Math4302 Modern Algebra (Lecture 28)

Rings

Let $R$ be an integral domain ( $R$ has unity and commutative with no zero divisors).

Consider the pair $S=\{(a,b)|a,b\in R, b\neq 0\}$ .

And define the equivalence relation on $S$ as follows:

$(a,b)\sim (c,d)$ if and only if $ad=bc$ .

We denote $[(a,b)]$ as set of all elements in $S$ equivalent to $(a,b)$ .

Let $F$ be the set of all equivalent classes. We define addition and multiplication on $F$ as follows:

[(a,b)]+[(c,d)]=[(ad+bc,bd)]

[(a,b)]\cdot[(c,d)]=[(ac,bd)]

Addition:

If $(a,b)\sim (a',b')$ , and $(c,d)\sim (c',d')$ , then we want to show that $(ad+bc,bd)\sim (a'd+c'd,b'd)$ .

Since $(a,b)\sim (a',b')$ , then $ab'=a'b$ ; $(c,d)\sim (c',d')$ , then $cd'=dc'$ ,

So $ab'dd'=a'bdd'$ , and $cd'bb'=dc'bb'$ .

$adb'd'+bcb'd'=a'd'bd+b'c'bd$ , therefore $(ad+bc,bd)\sim (a'd+c'd,b'd)$ .

Multiplication:

If $(a,b)\sim (a',b')$ , and $(c,d)\sim (c',d')$ , then we want to show that $(ac,bd)\sim (a'c',b'd')$ .

Since $(a,b)\sim (a',b')$ , then $ab'=a'b$ ; $(c,d)\sim (c',d')$ , then $cd'=dc'$ , so $(ac,bd)\sim (a'c',b'd')$

additive identity: $(0,1)\in F$
additive inverse: $(a,b)\in F$ , then $(-a,b)\in F$ and $(-a,b)+(a,b)=(0,1)\in F$
additive associativity: bit long.
multiplicative identity: $(1,1)\in F$
multiplicative inverse: $[(a,b)]$ is non zero if and only if $a\neq 0$ , then $a^{-1}=[(b,a)]\in F$ .
multiplicative associativity: bit long
distributivity: skip, too long.

Such field is called a quotient field of $R$ .

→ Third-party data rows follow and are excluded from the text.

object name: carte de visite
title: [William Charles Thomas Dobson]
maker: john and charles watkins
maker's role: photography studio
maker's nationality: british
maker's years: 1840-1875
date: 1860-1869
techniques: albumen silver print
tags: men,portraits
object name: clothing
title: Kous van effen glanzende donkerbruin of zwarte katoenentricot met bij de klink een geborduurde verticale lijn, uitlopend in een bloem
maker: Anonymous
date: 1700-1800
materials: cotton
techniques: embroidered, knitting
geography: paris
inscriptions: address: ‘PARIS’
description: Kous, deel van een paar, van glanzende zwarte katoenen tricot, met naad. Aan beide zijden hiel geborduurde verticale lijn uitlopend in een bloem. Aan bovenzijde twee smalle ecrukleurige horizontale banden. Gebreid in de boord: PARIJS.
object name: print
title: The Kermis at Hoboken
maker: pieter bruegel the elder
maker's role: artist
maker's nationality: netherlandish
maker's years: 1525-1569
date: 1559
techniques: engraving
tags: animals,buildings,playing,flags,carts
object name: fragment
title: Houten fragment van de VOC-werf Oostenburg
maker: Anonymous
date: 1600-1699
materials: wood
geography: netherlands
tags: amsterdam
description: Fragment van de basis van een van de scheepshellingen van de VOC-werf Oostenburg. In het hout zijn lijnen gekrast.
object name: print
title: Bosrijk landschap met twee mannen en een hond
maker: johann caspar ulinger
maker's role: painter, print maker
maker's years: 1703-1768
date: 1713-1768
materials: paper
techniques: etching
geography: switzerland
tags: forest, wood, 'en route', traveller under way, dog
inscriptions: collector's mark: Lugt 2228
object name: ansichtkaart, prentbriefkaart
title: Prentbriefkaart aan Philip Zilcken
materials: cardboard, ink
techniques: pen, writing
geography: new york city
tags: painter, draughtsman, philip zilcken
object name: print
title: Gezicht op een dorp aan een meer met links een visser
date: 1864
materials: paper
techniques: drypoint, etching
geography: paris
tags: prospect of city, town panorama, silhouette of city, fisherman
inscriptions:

And $F$ contains $R$ by $\phi:R\to F$ , $\phi(a)=[(a,1)]$ .

This is a ring homomorphism.

and $\phi$ is injective.

If $\phi(a)=\phi(b)$ , then $a=b$ .

Let $D\subset \mathbb R$ and

\mathbb Z \subset D\coloneqq \{a+b\sqrt{2}:a,b\in \mathbb Z\}

Then $D$ is a subring of $\mathbb R$ , and integral domain, with usual addition and multiplication.

(a+b\sqrt{2})(c+d\sqrt{2})=(ac+2bd)+(ad+bc)\sqrt{2}

-(a+b\sqrt{2})=(-a)+(-b)\sqrt{2})

…

$D$ is a integral domain since $\mathbb R$ has no zero divisors, therefore $D$ has no zero divisors.

Consider the field of quotients of $D$ . $[(a+b\sqrt{2},c+d\sqrt{2})]$ . This is isomorphic to $\mathbb Q(\sqrt2)=\{r+s\sqrt{2}:r,s\in \mathbb Q\}$

m+n\sqrt{2}=\frac{m}{n}+\frac{m'}{n'}\sqrt{2}\mapsto [(mn'+nm'\sqrt{2},nn')]

And use rationalization on the forward direction.

Let $R$ be a ring, a polynomial with coefficients in $R$ is a sum

a_0+a_1x+\cdots+a_nx^n

where $a_i\in R$ . $x$ is indeterminate, $a_0,a_1,\cdots,a_n$ are called coefficients. $a_0$ is the constant term.

If $f$ is a non-zero polynomial, then the degree of $f$ is defined as the largest $n$ such that $a_n\neq 0$ .

Let $f=1+2x+0x^2-1x^3+0x^4$ , then $deg f=3$

If $R$ has a unity $1$ , then we write $x^m$ instead of $1x^m$ .

Let $R[x]$ denote the set of all polynomials with coefficients in $R$ .

We define multiplication and addition on $R[x]$ .

$f:a_0+a_1x+\cdots+a_nx^n$

$g:b_0+b_1x+\cdots+b_mx^m$

Define,

f+g=a_0+b_0+a_1x+b_1x+\cdots+a_nx^n+b_mx^m

fg=(a_0b_0)+(a_1b_0)x+\cdots+(a_nb_m)x^m

In general, the coefficient of $x^m=\sum_{i=0}^{m}a_ix^{m-i}$ .

Caution

The field $R$ may not be commutative, follow the order of computation matters.

We will show that this is a ring and explore additional properties.